I am curious as to whether Linux actually does UDMA66, or just UDMA33 on a UDMA66.

- On a BP6 Highpoint controller?
- On a UDMA66 controller on a Via 133A board?

 
It's not really a matter of the kernel "doing" ATA66, it's a matter of getting the hardware IO parameters recognized "by" the kernel.

I think RH 7.0 and Mandrake 7.2 will recognize these devices automatically. Other distros you have to patch the kernel then pass the parameters to the kernel.
 

Right, I have heard that Mandrake and Redhat's newest releases will recognize the controller and configure to use it, but only at UDMA33. Is there any way to test whether it has negotiated a 66 connection?
 
You can try hdparm -Tt /dev/hdx, where x is the drive you going to test (e.g. a=primary master, b=primary slave, etc.).

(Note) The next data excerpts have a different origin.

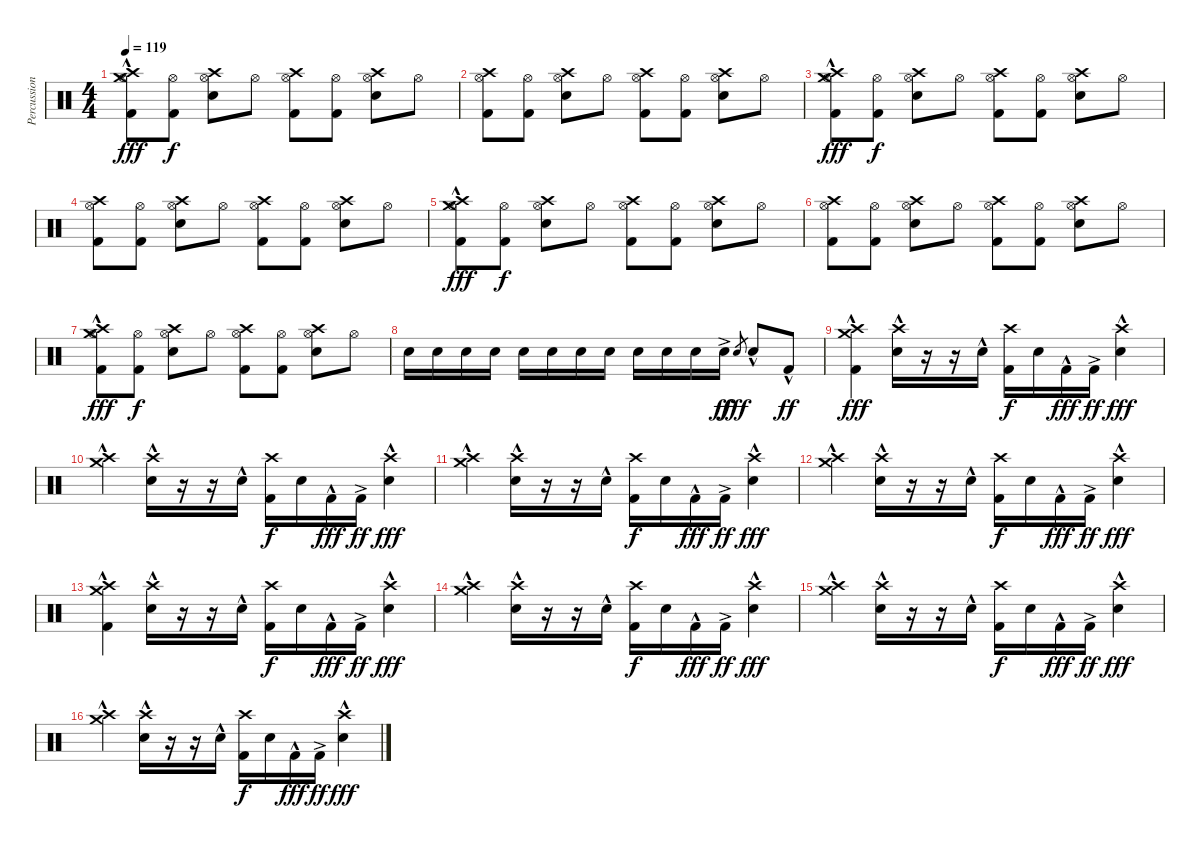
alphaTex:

\track ("Percussion" "Percussion") {instrument percussion}
\staff {score}
\articulation defaults
\ts (4 4)
\tempo 119
\clef neutral
\ks c
("Crash high (hit)"{hac} "Hi-Hat (open)"{hac} "Crash medium (hit)"{hac} "Kick (hit) 2").8{dy fff} ("Hi-Hat (open)" "Kick (hit) 2").8{dy f} ("Crash high (hit)" "Hi-Hat (open)" "Electric Snare (hit)").8 "Hi-Hat (open)".8 ("Crash high (hit)" "Hi-Hat (open)" "Kick (hit) 2").8 ("Hi-Hat (open)" "Kick (hit) 2").8 ("Crash high (hit)" "Hi-Hat (open)" "Electric Snare (hit)").8 "Hi-Hat (open)".8 |
("Crash high (hit)" "Hi-Hat (open)" "Kick (hit) 2").8 ("Hi-Hat (open)" "Kick (hit) 2").8 ("Crash high (hit)" "Hi-Hat (open)" "Electric Snare (hit)").8 "Hi-Hat (open)".8 ("Crash high (hit)" "Hi-Hat (open)" "Kick (hit) 2").8 ("Hi-Hat (open)" "Kick (hit) 2").8 ("Crash high (hit)" "Hi-Hat (open)" "Electric Snare (hit)").8 "Hi-Hat (open)".8 |
("Crash high (hit)"{hac} "Hi-Hat (open)"{hac} "Crash medium (hit)"{hac} "Kick (hit) 2").8{dy fff} ("Hi-Hat (open)" "Kick (hit) 2").8{dy f} ("Crash high (hit)" "Hi-Hat (open)" "Electric Snare (hit)").8 "Hi-Hat (open)".8 ("Crash high (hit)" "Hi-Hat (open)" "Kick (hit) 2").8 ("Hi-Hat (open)" "Kick (hit) 2").8 ("Crash high (hit)" "Hi-Hat (open)" "Electric Snare (hit)").8 "Hi-Hat (open)".8 |
("Crash high (hit)" "Hi-Hat (open)" "Kick (hit) 2").8 ("Hi-Hat (open)" "Kick (hit) 2").8 ("Crash high (hit)" "Hi-Hat (open)" "Electric Snare (hit)").8 "Hi-Hat (open)".8 ("Crash high (hit)" "Hi-Hat (open)" "Kick (hit) 2").8 ("Hi-Hat (open)" "Kick (hit) 2").8 ("Crash high (hit)" "Hi-Hat (open)" "Electric Snare (hit)").8 "Hi-Hat (open)".8 |
("Crash high (hit)"{hac} "Hi-Hat (open)"{hac} "Crash medium (hit)"{hac} "Kick (hit) 2").8{dy fff} ("Hi-Hat (open)" "Kick (hit) 2").8{dy f} ("Crash high (hit)" "Hi-Hat (open)" "Electric Snare (hit)").8 "Hi-Hat (open)".8 ("Crash high (hit)" "Hi-Hat (open)" "Kick (hit) 2").8 ("Hi-Hat (open)" "Kick (hit) 2").8 ("Crash high (hit)" "Hi-Hat (open)" "Electric Snare (hit)").8 "Hi-Hat (open)".8 |
("Crash high (hit)" "Hi-Hat (open)" "Kick (hit) 2").8 ("Hi-Hat (open)" "Kick (hit) 2").8 ("Crash high (hit)" "Hi-Hat (open)" "Electric Snare (hit)").8 "Hi-Hat (open)".8 ("Crash high (hit)" "Hi-Hat (open)" "Kick (hit) 2").8 ("Hi-Hat (open)" "Kick (hit) 2").8 ("Crash high (hit)" "Hi-Hat (open)" "Electric Snare (hit)").8 "Hi-Hat (open)".8 |
("Crash high (hit)"{hac} "Hi-Hat (open)"{hac} "Crash medium (hit)"{hac} "Kick (hit) 2").8{dy fff} ("Hi-Hat (open)" "Kick (hit) 2").8{dy f} ("Crash high (hit)" "Hi-Hat (open)" "Electric Snare (hit)").8 "Hi-Hat (open)".8 ("Crash high (hit)" "Hi-Hat (open)" "Kick (hit) 2").8 ("Hi-Hat (open)" "Kick (hit) 2").8 ("Crash high (hit)" "Hi-Hat (open)" "Electric Snare (hit)").8 "Hi-Hat (open)".8 |
"Electric Snare (hit)".16 "Electric Snare (hit)".16 "Electric Snare (hit)".16 "Electric Snare (hit)".16 "Electric Snare (hit)".16 "Electric Snare (hit)".16 "Electric Snare (hit)".16 "Electric Snare (hit)".16 "Electric Snare (hit)".16 "Electric Snare (hit)".16 "Electric Snare (hit)".16 "Electric Snare (hit)"{ac}.16{dy ff} "Electric Snare (hit)".8{gr dy fff} "Electric Snare (hit)"{hac}.8 "Kick (hit) 2"{hac}.8{dy ff} |
("Crash high (hit)"{hac} "Crash medium (hit)"{hac} "Kick (hit) 2").4{dy fff} ("Crash high (hit)" "Electric Snare (hit)"{hac}).16 r.16 r.16 "Electric Snare (hit)"{hac}.16 ("Crash high (hit)" "Kick (hit) 2").16{dy f} "Electric Snare (hit)".16 "Kick (hit) 2"{hac}.16{dy fff} "Kick (hit) 2"{ac}.16{dy ff} ("Crash high (hit)" "Electric Snare (hit)"{hac}).4{dy fff} |
("Crash high (hit)" "Crash medium (hit)"{hac}).4 ("Crash high (hit)" "Electric Snare (hit)"{hac}).16 r.16 r.16 "Electric Snare (hit)"{hac}.16 ("Crash high (hit)" "Kick (hit) 2").16{dy f} "Electric Snare (hit)".16 "Kick (hit) 2"{hac}.16{dy fff} "Kick (hit) 2"{ac}.16{dy ff} ("Crash high (hit)" "Electric Snare (hit)"{hac}).4{dy fff} |
("Crash high (hit)" "Crash medium (hit)"{hac}).4 ("Crash high (hit)" "Electric Snare (hit)"{hac}).16 r.16 r.16 "Electric Snare (hit)"{hac}.16 ("Crash high (hit)" "Kick (hit) 2").16{dy f} "Electric Snare (hit)".16 "Kick (hit) 2"{hac}.16{dy fff} "Kick (hit) 2"{ac}.16{dy ff} ("Crash high (hit)" "Electric Snare (hit)"{hac}).4{dy fff} |
("Crash high (hit)" "Crash medium (hit)"{hac}).4 ("Crash high (hit)" "Electric Snare (hit)"{hac}).16 r.16 r.16 "Electric Snare (hit)"{hac}.16 ("Crash high (hit)" "Kick (hit) 2").16{dy f} "Electric Snare (hit)".16 "Kick (hit) 2"{hac}.16{dy fff} "Kick (hit) 2"{ac}.16{dy ff} ("Crash high (hit)" "Electric Snare (hit)"{hac}).4{dy fff} |
("Crash high (hit)" "Crash medium (hit)"{hac} "Kick (hit) 2").4 ("Crash high (hit)" "Electric Snare (hit)"{hac}).16 r.16 r.16 "Electric Snare (hit)"{hac}.16 ("Crash high (hit)" "Kick (hit) 2").16{dy f} "Electric Snare (hit)".16 "Kick (hit) 2"{hac}.16{dy fff} "Kick (hit) 2"{ac}.16{dy ff} ("Crash high (hit)" "Electric Snare (hit)"{hac}).4{dy fff} |
("Crash high (hit)" "Crash medium (hit)"{hac}).4 ("Crash high (hit)" "Electric Snare (hit)"{hac}).16 r.16 r.16 "Electric Snare (hit)"{hac}.16 ("Crash high (hit)" "Kick (hit) 2").16{dy f} "Electric Snare (hit)".16 "Kick (hit) 2"{hac}.16{dy fff} "Kick (hit) 2"{ac}.16{dy ff} ("Crash high (hit)" "Electric Snare (hit)"{hac}).4{dy fff} |
("Crash high (hit)" "Crash medium (hit)"{hac}).4 ("Crash high (hit)" "Electric Snare (hit)"{hac}).16 r.16 r.16 "Electric Snare (hit)"{hac}.16 ("Crash high (hit)" "Kick (hit) 2").16{dy f} "Electric Snare (hit)".16 "Kick (hit) 2"{hac}.16{dy fff} "Kick (hit) 2"{ac}.16{dy ff} ("Crash high (hit)" "Electric Snare (hit)"{hac}).4{dy fff} |
("Crash high (hit)" "Crash medium (hit)"{hac}).4 ("Crash high (hit)" "Electric Snare (hit)"{hac}).16 r.16 r.16 "Electric Snare (hit)"{hac}.16 ("Crash high (hit)" "Kick (hit) 2").16{dy f} "Electric Snare (hit)".16 "Kick (hit) 2"{hac}.16{dy fff} "Kick (hit) 2"{ac}.16{dy ff} ("Crash high (hit)" "Electric Snare (hit)"{hac}).4{dy fff}

However, I doubt you'd see anything sustained over (timed buffer read) 33Mbs.
 
well, the LM7 install has this checkbox called "hard drive optimizations". I checked it with the 7.2 beta 3 and my machine couldn't boot. It would get to the point where it detects my HPT366-connected drives and just hang (not even a kernel panic message). I *think* these optimizations make use of hdparm. That same checkbox seems to be fine on my i810 (ATA66 included, right?) machine at work.

-SUO
 
# Optimisation of Hard drive.
if grep -qi opti /proc/cmdline || [ -n "$HDPARM" ]; then
if [ -x /sbin/hdparm ];then
LIST_HD=$(grep '^hd.:' /var/log/dmesg|\
grep -ivE '(CD.*ROM|DVD.*ROM|FLOPPY|TAPE|STATUS)'|cut -d: -f1|sort|uniq)

if grep -i nohdparm /proc/cmdline >/dev/null ; then
action "Hard Drive optimisations disabled" \
echo ""
else
for i in $LIST_HD;do
action "Starting Hard Drive optimisations for $i" \
hdparm -q -c1 -q -A1 -q -m16 -q -d1 /dev/$i
done
fi
fi
fi

That's the chunk of code that does it.

I'm not going to explain it only because it would take up too much space to do so, however, the line you want to look is:

hdparm -q -c1 -q -A1 -q -m16 -q -d1

Just issue and hdparm and you can see what those switches do.